A valuable resource is Project Reporter, which tells you what projects are interesting to the NIH. Since I returned to academia I noticed a distinct trend away from basic research and toward clinical and translational research. It seems that there's so much competition for grants only the most exciting grants ever get funded. And for reviewers, only the idea of funding a cure is exciting.

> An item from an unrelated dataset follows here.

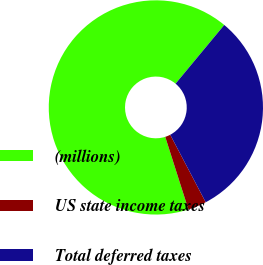Convert chart to OTSL. <chart><loc_0><loc_0><loc_500><loc_500><pie_chart><fcel>(millions)<fcel>US state income taxes<fcel>Total deferred taxes<nl><fcel>65.93%<fcel>2.79%<fcel>31.28%<nl></chart> 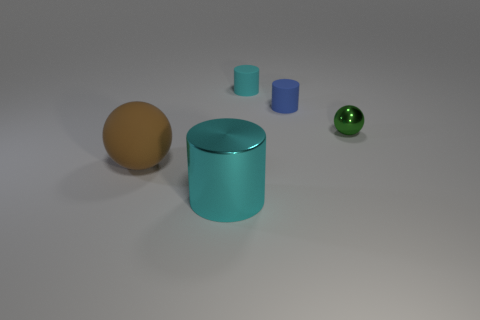Subtract all cyan rubber cylinders. How many cylinders are left? 2 Subtract all blue cylinders. How many cylinders are left? 2 Subtract 2 cylinders. How many cylinders are left? 1 Add 5 large brown balls. How many objects exist? 10 Subtract all cylinders. How many objects are left? 2 Subtract 0 brown blocks. How many objects are left? 5 Subtract all gray balls. Subtract all green blocks. How many balls are left? 2 Subtract all blue cubes. How many green balls are left? 1 Subtract all big cylinders. Subtract all tiny blue rubber cylinders. How many objects are left? 3 Add 5 small blue matte things. How many small blue matte things are left? 6 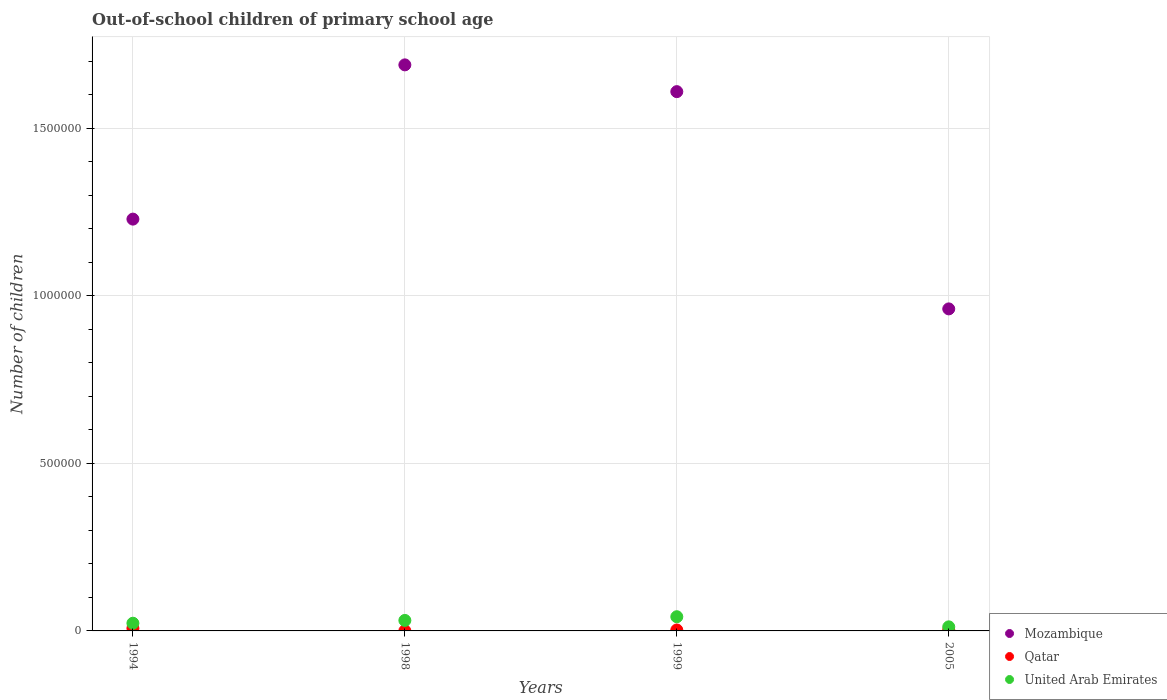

Universities have noticed this as well, and they're starting to close down basic research in favor of human trials. It doesn't seem to matter that many of human trials they're doing are stupid; all that's important to modern universities is whether they bring in money.

Scene from 1931 Frankenstein movie
Early applied human performance research

I've even noticed it in my own research. The goal has always been to discover something that can be useful in curing diseases. The problem is that without understanding the cause of the disease, resources are wasted on what are little more than wild guesses. This may be one reason why, out of 400 Phase III drug trials of 240 drugs in Alzheimer's disease, not a single one has ever worked and only one drug has ever been approved.

This is bad news. Very few junior researchers have the resources to do clinical research, nor do they have access to patients. Their research may be brilliant, but they can't compete with established investigators whose projects have progressed all the way to clinical trials.

Last month a junior colleague of mine got a mediocre score on a grant that I thought was terrific. He did some brilliant work that uncovered how an important molecule called BDNF was processed in neurons. The reviewers praised the work but trashed the grant, saying it was done entirely in cell culture and therefore no good.

Clinical research and medical device testing are things that industry, not academia, ought to be doing. Unfortunately, now that the government has virtually killed off basic research in the biomed industry, they're going after clinical research as well. This will drive innovative, research-intensive companies out of business, and we'll end up with companies like Turing, whose former CEO Martin Shkreli's picture always comes up when you search for “most hated man in America” and Mylan, which makes nothing but generics. These may or may not be good businesses, but they're essentially parasitical.

I've been putting animal experiments in my proposals, and pitching them by making them sound preclinical. But in my field, Alzheimer's disease, animals don't tell us as much as we think, because quite frankly all the animal models suck.

Mice and rats simply don't get Alzheimer's. There are occasional reports of dogs or monkeys or even rabbits getting dementia that resembles it in some ways, but they've never held up. Some of these claims, like the claim that rabbits get Alzheimer's if you feed them cholesterol, were what we scientists call spit-take material. I was just fortunate I wasn't drinking milk when I first heard about them. The finding was impossible, because it's been known for decades that dietary cholesterol doesn't get into the brain. But the NIH funded the damn thing.

It turned out to be completely wrong, of course. You can make any animal sick by putting huge amounts of things in them that don't belong there. What you'll end up with is Frankenstein-like creations like the 5XFAD mouse.

The technical name for this one is B6SJL-Tg(APPSwFlLon,PSEN1*M146L*L286V)6799Vas. These mice have human APP (amyloid precursor protein) with four different mutations known by where they were identified: Swedish (K670N, M671L), Florida (I716V), and London (V717I), plus human presenilin 1 with two mutations (M146L and L286V). The only thing these mice are good for is showing what happens to a mouse when you put massive amounts of beta-amyloid in their brain. And they still don't get Alzheimer's.

It's a bit like those cancer studies where they fed a rat ten pounds of saccharin and claimed that, indeed, eating saccharin makes you sick.

Experiments on genetic mice were a sure way to get grants back in the day, and we still have to use them to get funded. Now it seems the fad is passing, and you have to do stuff to humans. If I were you I'd stay away from medical research labs for a while. And watch out for guys named Igor.